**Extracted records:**
******
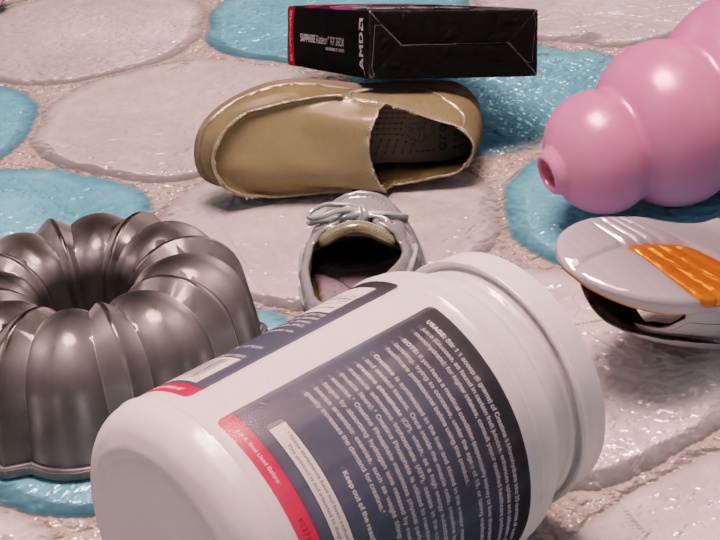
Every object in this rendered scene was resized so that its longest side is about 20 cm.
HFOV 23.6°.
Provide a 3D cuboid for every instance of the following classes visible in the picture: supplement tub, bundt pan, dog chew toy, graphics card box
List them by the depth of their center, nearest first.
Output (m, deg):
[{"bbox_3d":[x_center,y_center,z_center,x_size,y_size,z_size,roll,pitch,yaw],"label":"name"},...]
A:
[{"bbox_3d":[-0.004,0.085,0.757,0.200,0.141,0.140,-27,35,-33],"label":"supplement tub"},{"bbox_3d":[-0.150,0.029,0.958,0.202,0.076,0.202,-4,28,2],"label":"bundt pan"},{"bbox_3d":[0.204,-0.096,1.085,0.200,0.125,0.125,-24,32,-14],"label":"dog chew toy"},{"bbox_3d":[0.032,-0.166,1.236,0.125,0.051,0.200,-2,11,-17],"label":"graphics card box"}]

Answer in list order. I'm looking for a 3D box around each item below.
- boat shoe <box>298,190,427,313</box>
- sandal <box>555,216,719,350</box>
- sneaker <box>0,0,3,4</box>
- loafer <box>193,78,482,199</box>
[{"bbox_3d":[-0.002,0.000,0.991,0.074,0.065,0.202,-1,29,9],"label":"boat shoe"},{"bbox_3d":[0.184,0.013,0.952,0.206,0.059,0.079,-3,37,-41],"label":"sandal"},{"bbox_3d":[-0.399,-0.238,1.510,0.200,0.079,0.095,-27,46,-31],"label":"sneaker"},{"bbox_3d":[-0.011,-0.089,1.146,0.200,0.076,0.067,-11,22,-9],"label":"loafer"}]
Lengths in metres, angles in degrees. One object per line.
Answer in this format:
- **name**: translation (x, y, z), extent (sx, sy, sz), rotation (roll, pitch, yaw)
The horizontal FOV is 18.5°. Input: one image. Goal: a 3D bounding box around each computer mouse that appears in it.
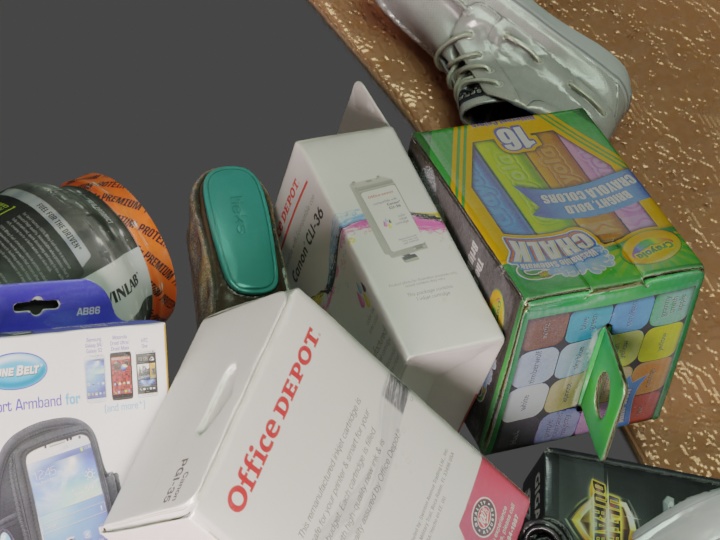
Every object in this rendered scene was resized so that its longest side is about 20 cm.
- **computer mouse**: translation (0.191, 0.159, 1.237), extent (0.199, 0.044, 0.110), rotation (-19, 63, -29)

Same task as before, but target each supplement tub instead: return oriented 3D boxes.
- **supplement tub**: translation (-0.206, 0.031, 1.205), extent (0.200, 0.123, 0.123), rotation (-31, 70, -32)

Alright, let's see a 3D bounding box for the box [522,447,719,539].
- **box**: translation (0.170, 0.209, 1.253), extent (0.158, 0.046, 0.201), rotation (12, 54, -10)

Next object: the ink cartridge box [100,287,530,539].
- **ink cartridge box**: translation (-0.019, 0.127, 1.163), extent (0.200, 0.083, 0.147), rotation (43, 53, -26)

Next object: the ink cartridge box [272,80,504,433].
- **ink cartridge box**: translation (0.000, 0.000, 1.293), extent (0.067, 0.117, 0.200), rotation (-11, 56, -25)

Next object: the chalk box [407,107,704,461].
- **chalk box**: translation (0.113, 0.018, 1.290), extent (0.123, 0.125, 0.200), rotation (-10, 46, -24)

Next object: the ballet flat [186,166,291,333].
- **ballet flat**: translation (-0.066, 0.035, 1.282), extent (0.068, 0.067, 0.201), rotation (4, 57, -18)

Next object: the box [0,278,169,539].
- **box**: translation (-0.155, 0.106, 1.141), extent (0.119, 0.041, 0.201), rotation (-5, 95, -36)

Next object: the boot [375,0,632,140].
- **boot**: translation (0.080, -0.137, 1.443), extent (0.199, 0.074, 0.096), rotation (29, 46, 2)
******
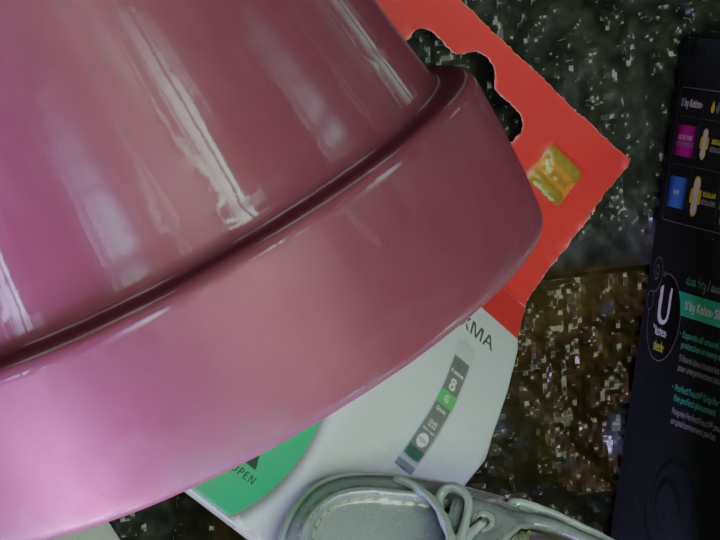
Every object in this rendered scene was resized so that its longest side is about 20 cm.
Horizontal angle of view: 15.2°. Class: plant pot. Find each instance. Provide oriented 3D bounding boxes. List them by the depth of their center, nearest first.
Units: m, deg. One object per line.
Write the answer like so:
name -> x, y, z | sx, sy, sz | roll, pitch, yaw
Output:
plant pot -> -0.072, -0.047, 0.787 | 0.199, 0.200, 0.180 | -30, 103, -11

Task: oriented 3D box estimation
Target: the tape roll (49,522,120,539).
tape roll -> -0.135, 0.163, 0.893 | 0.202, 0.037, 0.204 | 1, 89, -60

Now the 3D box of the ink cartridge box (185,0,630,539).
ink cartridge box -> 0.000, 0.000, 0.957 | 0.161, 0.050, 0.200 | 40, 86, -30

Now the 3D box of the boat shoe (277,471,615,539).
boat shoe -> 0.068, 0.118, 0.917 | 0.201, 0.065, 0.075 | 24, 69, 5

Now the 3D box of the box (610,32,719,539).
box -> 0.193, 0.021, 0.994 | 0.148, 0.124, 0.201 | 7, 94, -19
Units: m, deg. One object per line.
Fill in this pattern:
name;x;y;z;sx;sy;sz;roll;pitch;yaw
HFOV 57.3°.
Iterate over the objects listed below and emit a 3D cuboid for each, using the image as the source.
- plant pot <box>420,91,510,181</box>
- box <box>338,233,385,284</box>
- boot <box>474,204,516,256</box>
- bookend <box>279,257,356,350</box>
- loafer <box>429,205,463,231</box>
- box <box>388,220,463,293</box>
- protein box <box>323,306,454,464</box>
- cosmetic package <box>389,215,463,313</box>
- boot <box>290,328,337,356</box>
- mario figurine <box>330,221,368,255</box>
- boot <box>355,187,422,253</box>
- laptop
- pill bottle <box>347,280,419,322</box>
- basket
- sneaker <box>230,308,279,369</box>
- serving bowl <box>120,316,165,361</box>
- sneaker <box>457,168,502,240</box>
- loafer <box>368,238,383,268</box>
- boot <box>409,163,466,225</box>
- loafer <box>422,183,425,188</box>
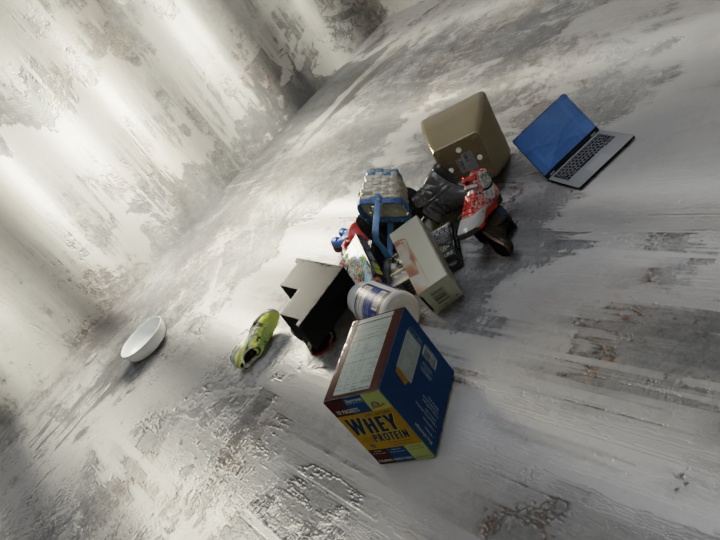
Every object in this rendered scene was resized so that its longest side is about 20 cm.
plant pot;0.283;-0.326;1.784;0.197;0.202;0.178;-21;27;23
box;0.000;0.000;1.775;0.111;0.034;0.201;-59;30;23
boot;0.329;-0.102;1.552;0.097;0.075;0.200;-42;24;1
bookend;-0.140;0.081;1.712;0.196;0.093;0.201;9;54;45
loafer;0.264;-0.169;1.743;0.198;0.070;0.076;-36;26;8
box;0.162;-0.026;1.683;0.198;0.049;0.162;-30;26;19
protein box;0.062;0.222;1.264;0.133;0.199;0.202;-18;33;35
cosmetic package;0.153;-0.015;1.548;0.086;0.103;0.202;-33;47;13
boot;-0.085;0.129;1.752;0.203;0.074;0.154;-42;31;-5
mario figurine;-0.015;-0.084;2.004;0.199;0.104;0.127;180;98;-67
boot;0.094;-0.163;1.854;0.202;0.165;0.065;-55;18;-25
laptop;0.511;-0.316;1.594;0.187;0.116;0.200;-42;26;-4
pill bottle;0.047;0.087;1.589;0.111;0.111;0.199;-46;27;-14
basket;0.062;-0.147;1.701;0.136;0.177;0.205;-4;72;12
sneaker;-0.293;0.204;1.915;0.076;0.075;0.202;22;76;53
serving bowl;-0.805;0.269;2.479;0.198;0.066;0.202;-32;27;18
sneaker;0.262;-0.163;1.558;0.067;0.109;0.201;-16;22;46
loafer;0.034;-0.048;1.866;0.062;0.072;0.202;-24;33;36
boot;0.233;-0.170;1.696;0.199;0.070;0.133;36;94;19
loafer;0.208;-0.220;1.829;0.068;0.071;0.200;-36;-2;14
******
**What is being asked:** Search the records above for the string "below". Copy every line that contains it.

**Written reply:**
Answer in list order. I'm looking for a 3D box around each item below.
Iterate over the objects listed below and emit a 3D cuboid for each, using the image as the source.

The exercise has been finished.